Recently I come across a tool that takes care of many of the issues you usually face while scraping websites. The tool is called Scraper API which provides an easy to use REST API to scrape a different kind of websites(Simple, JS enabled, Captcha, etc) with quite an ease. Before I proceed further, allow me to introduce Scraper API.

Jan 05, 2021 In this article, we’re going to talk about how to perform web scraping with python, using Selenium in the Python programming language. Web scraping, also called web data extraction, refers to the technique of harvesting data from a web page through leveraging the patterns in the page’s underlying code.
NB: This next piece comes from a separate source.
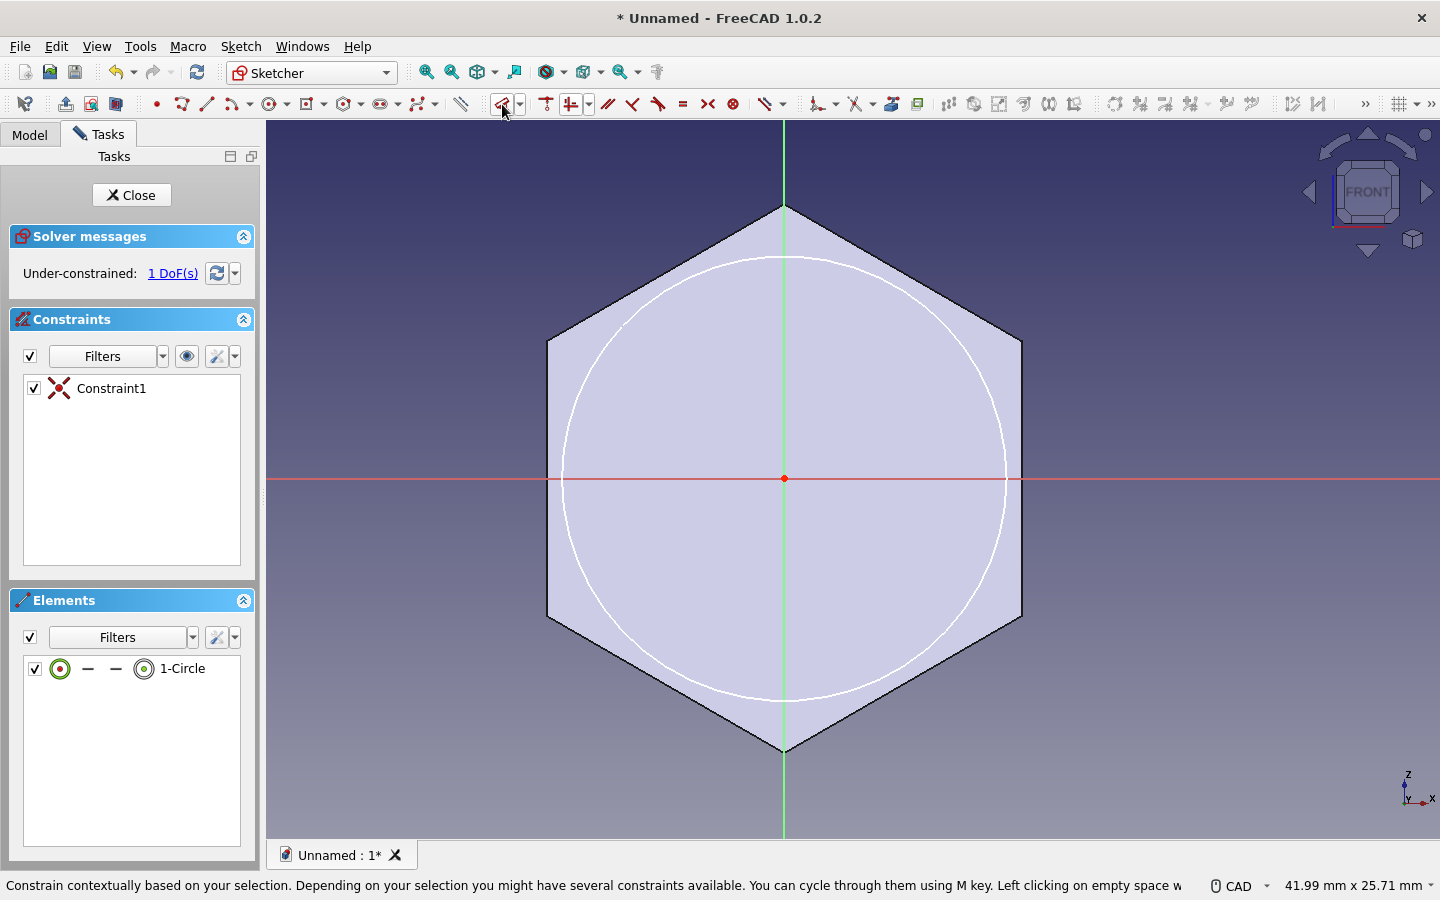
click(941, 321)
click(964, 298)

It’s a lightweight web browser with an HTTP API, implemented in Python 3 using Twisted and QT5. Essentially we are going to use Splash to render Javascript generated content. Run the splash server: sudo docker run -p 8050:8050 scrapinghub/splash.

What is Scraper API

If you visit their website you’d find their mission statement:

Scraper API handles proxies, browsers, and CAPTCHAs, so you can get the HTML from any web page with a simple API call!

As it suggests, it is offering you all the things to deal with the issues you usually come across while writing your scrapers.

Development

Scraper API provides a REST API that can be consumed in any language. Since this post is related to Python so I’d be mainly focusing on requests library to use this tool.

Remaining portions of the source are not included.